Con el sudor de mi frente

Con el sudor de mi frente

Adanhiel

25/03/2018

Ahora, viéndome agonizante, a contados metros de la meta final que sugiere ser la, para muchos, tan temida y, para algunos, tan añorada muerte, echo la vista atrás, tirando de significativas e insignificantes añoranzas. Y me veo, con una perspectiva insólitamente cabal y objetiva, en lo que fué mi infancia que distó mucho de lo que una confesa mayoría está dispuesta a adjetivar como feliz.

Fui un niño enjuto de carnes y de voluntad, preocupado desde mi génesis, como personita pensante, por un futuro con el que fantaseaba pero que, a la vez, me hacía temer el caríz de lo que, hipotéticamente, serían mis adultos aconteceres. A medida que fuí acercándome, paulatinamente, a mi madurez confieso que me ví incapaz de encontrar asideros emocionales que me hicieran mejor persona de lo que era; en el colegio mi aire apocado, tímido y distante, me hacían la víctima propiciatoria de los matones en miniatura que me asaltaban de forma preocupántemente regular: recuerdo que una de las primeras veces que me acosaron, como me pareció sensato, recurrí a mis padres, todavía con las secuelas de mi maltrecho cuerpecillo como prueba de lo denunciado, y a mis progenitores no se les ocurrió otra cosa que darme una somanta de azotes por dejarme abasallar. Desde entonces mi frustración fué creciendo de forma inversa a mis notas y la fuí tomando, primero con objetos inanimados y, posteriormente, con los gatos que abundaban por la zona en la que vivía, de tal manera que enseguida me gané el apodo de «matagatos» que anexionar al también conocido de «pirulo», adjudicado por mi menuda delgadez.

Debido a lo que mis padres y profesores juzgaron como una evidente falta de actitud en mis estudios, dejé la escuela y mis padres me buscaron un trabajo como aprendiz de sastre para que, cuanto antes, aprendiera un oficio en el que poder ganarme la vida.

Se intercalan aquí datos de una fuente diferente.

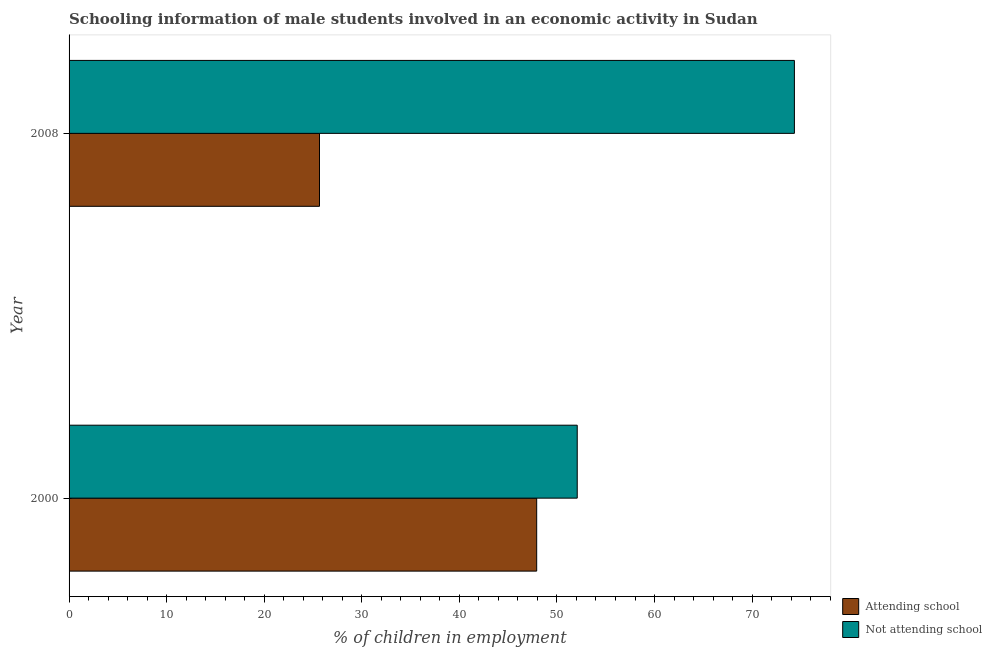How many different coloured bars are there?
Offer a terse response. 2. How many bars are there on the 2nd tick from the top?
Give a very brief answer. 2. How many bars are there on the 2nd tick from the bottom?
Offer a very short reply. 2. What is the label of the 2nd group of bars from the top?
Your response must be concise. 2000. What is the percentage of employed males who are not attending school in 2008?
Offer a terse response. 74.33. Across all years, what is the maximum percentage of employed males who are not attending school?
Your answer should be compact. 74.33. Across all years, what is the minimum percentage of employed males who are attending school?
Offer a very short reply. 25.67. In which year was the percentage of employed males who are not attending school minimum?
Provide a short and direct response. 2000. What is the total percentage of employed males who are not attending school in the graph?
Offer a very short reply. 126.41. What is the difference between the percentage of employed males who are attending school in 2000 and that in 2008?
Give a very brief answer. 22.26. What is the difference between the percentage of employed males who are not attending school in 2000 and the percentage of employed males who are attending school in 2008?
Make the answer very short. 26.41. What is the average percentage of employed males who are attending school per year?
Your answer should be very brief. 36.79. In the year 2000, what is the difference between the percentage of employed males who are attending school and percentage of employed males who are not attending school?
Your response must be concise. -4.16. What is the ratio of the percentage of employed males who are attending school in 2000 to that in 2008?
Make the answer very short. 1.87. What does the 1st bar from the top in 2008 represents?
Keep it short and to the point. Not attending school. What does the 2nd bar from the bottom in 2000 represents?
Offer a terse response. Not attending school. How many bars are there?
Provide a succinct answer. 4. Are all the bars in the graph horizontal?
Your response must be concise. Yes. How many years are there in the graph?
Provide a succinct answer. 2. Are the values on the major ticks of X-axis written in scientific E-notation?
Ensure brevity in your answer.  No. What is the title of the graph?
Provide a succinct answer. Schooling information of male students involved in an economic activity in Sudan. What is the label or title of the X-axis?
Keep it short and to the point. % of children in employment. What is the label or title of the Y-axis?
Your response must be concise. Year. What is the % of children in employment of Attending school in 2000?
Offer a very short reply. 47.92. What is the % of children in employment in Not attending school in 2000?
Make the answer very short. 52.08. What is the % of children in employment of Attending school in 2008?
Ensure brevity in your answer.  25.67. What is the % of children in employment of Not attending school in 2008?
Ensure brevity in your answer.  74.33. Across all years, what is the maximum % of children in employment in Attending school?
Ensure brevity in your answer.  47.92. Across all years, what is the maximum % of children in employment in Not attending school?
Provide a succinct answer. 74.33. Across all years, what is the minimum % of children in employment in Attending school?
Offer a very short reply. 25.67. Across all years, what is the minimum % of children in employment of Not attending school?
Your response must be concise. 52.08. What is the total % of children in employment in Attending school in the graph?
Ensure brevity in your answer.  73.59. What is the total % of children in employment in Not attending school in the graph?
Provide a succinct answer. 126.41. What is the difference between the % of children in employment of Attending school in 2000 and that in 2008?
Give a very brief answer. 22.26. What is the difference between the % of children in employment in Not attending school in 2000 and that in 2008?
Ensure brevity in your answer.  -22.26. What is the difference between the % of children in employment in Attending school in 2000 and the % of children in employment in Not attending school in 2008?
Offer a very short reply. -26.41. What is the average % of children in employment of Attending school per year?
Provide a succinct answer. 36.79. What is the average % of children in employment of Not attending school per year?
Your response must be concise. 63.21. In the year 2000, what is the difference between the % of children in employment in Attending school and % of children in employment in Not attending school?
Keep it short and to the point. -4.16. In the year 2008, what is the difference between the % of children in employment in Attending school and % of children in employment in Not attending school?
Make the answer very short. -48.67. What is the ratio of the % of children in employment of Attending school in 2000 to that in 2008?
Make the answer very short. 1.87. What is the ratio of the % of children in employment in Not attending school in 2000 to that in 2008?
Your response must be concise. 0.7. What is the difference between the highest and the second highest % of children in employment in Attending school?
Offer a terse response. 22.26. What is the difference between the highest and the second highest % of children in employment in Not attending school?
Provide a short and direct response. 22.26. What is the difference between the highest and the lowest % of children in employment of Attending school?
Keep it short and to the point. 22.26. What is the difference between the highest and the lowest % of children in employment in Not attending school?
Offer a very short reply. 22.26. 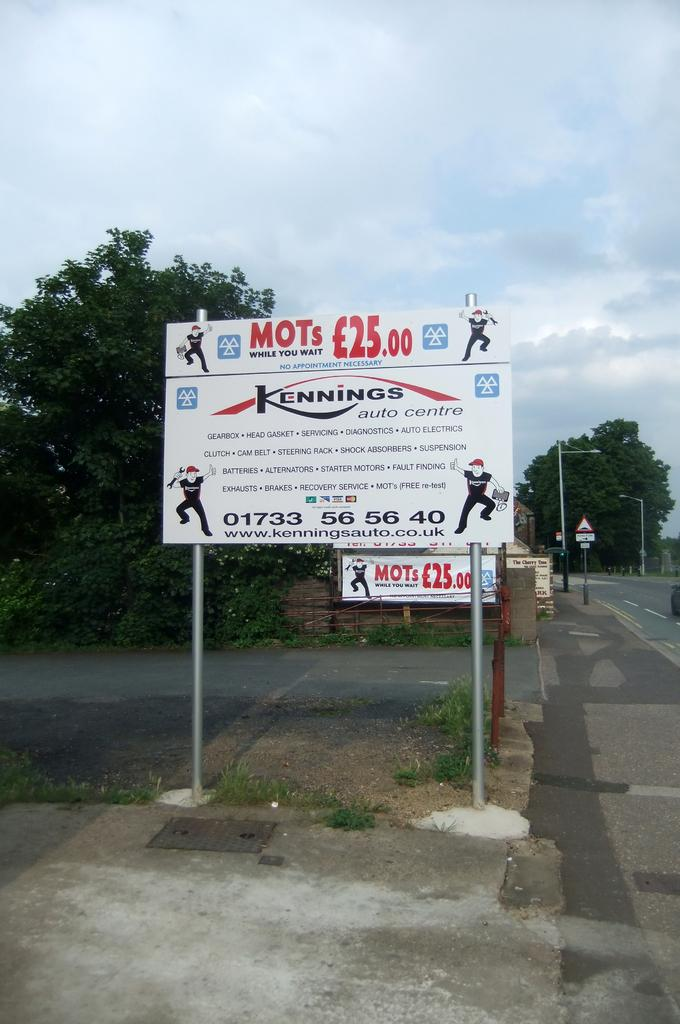What is the main feature of the image? There is a road in the image. What else can be seen along the road? There are boards and poles with lights visible in the image. What can be seen in the background of the image? There are trees and the sky visible in the background of the image. How many orange jellyfish can be seen swimming in the image? There are no orange jellyfish present in the image; it features a road, boards, poles with lights, trees, and the sky. Are there any cows grazing near the road in the image? There are no cows visible in the image. 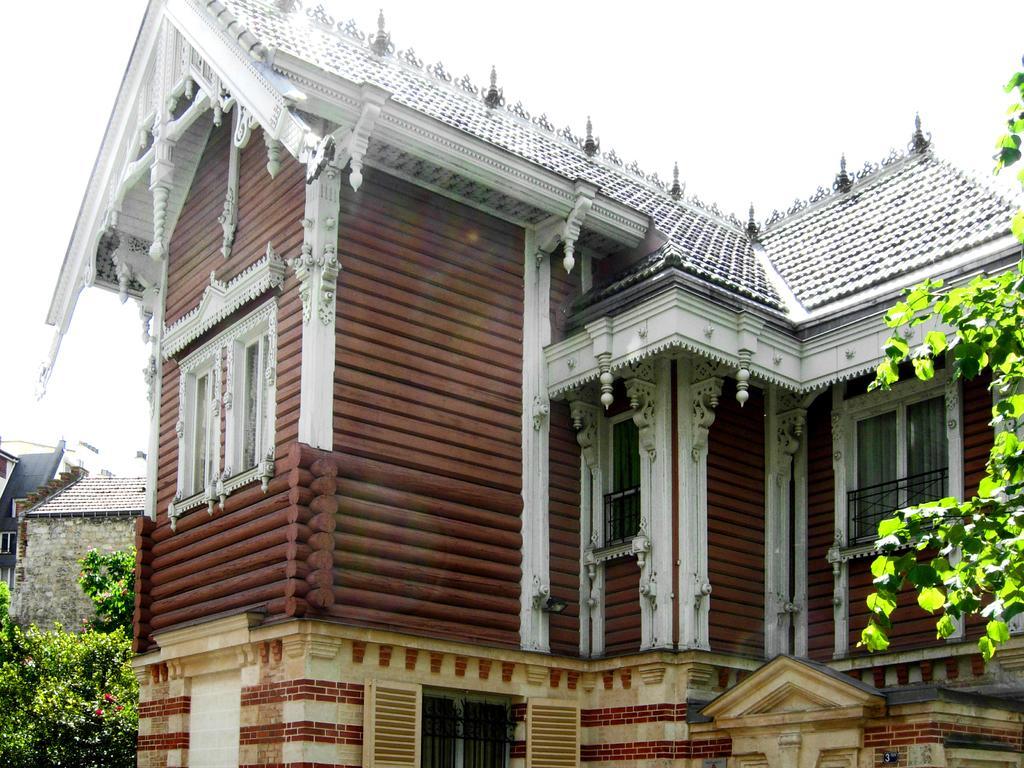Please provide a concise description of this image. In this image, there are a few houses. We can see some trees and the sky. We can also see some leaves on the right.

Ése fué un momento inflexivo que me marcaría más profundamente de lo que es admitible.

Acaparando toda la constancia de la que fuí capaz aprendí de mi maestro hasta establecerme por cuenta propia, con lo que, sin comerlo ni beberlo, me encontré con negocio propio y casado con la única novia que he tenido y que me ha sufrido hasta estos postreros momentos. Ella aprendió conmigo el oficio de modista y, cumpliendo con sus labores de ama de casa (que por aquéllos tiempos era lo usuable), laboró codo con codo hasta hacer que la sastrería se hiciera un nombre en la ciudad; conseguido ésto, con el trabajo del día y de muchas noches, vinieron los sustanciosos ingresos y, con ellos, por insistencia de mi parienta, nuestros dos únicos hijos, que siempre pensé significaban un gasto suplementario que para nada asumía como necesario. Sí, desde entonces toda mi meta era el trabajo, y el ganar tanto dinero como pudiera, del cual optenía una satisfacción que nunca supuse que fuera enfermiza; él me hacía sentir valorado como persona, como un hombre perfectamente integrado en el ámbito social, con mujer e hijos… ¿quién podría, pues, reprocharme nada? Iba todos los domingos, y fiestas de guardar, a misa aún carente de verdadera fe pues, entendía en mi fuero interno, que si en verdad existía un Dios, como con cualquier mandatario, más valía llevarse bien siendo un fiel cumplidor del cánon social de la época. No obstante, en el seno familiar, me desentendí de la crianza y educación de mis hijos por creer que era mi mujer la que se debía encargar de ello… delegué, excepto cuando debía impartir una disciplina de cuero y correa que había mamado desde muy pequeño; maltraté psicológica y físicamente a mi esposa (mis hijos están para atestiguarlo) y, en suma, dejé de cumplir con mis deberes maritales… mas me cuidé mucho de que las apariencias no lo evidenciaran. Y no me remordía la conciencia por ello porque mi trabajo, el dinero, era lo único que merecía mis esmeradas caricias, me gustaba contarlo, ordenarlo… ¡acumularlo!

Y en mi trabajo me he centrado, de manera obsesivo-compulsiva, hasta mi jubilación en la que, como no he tenido una vida que se pueda decir social, me he aburrido de lo lindo, sin amar y sin que me amen, hasta el día del juicio final en el que me veo próximo y muy, muy atemorizado.

En el colegio de curas (en el que fracasé escolarmente) éstos repetían hasta la saciedad, desde su inflexible represividad, lo cual es como poco irónico, que Dios era misericordioso y, en esta extraña lucidez en la que me encuentro, instantes antes de que se eche el telón, apelo a esa misericordia para que en la otra vida no me vuelva a tocar el papel de desdichado que me ha condicionado en ésta.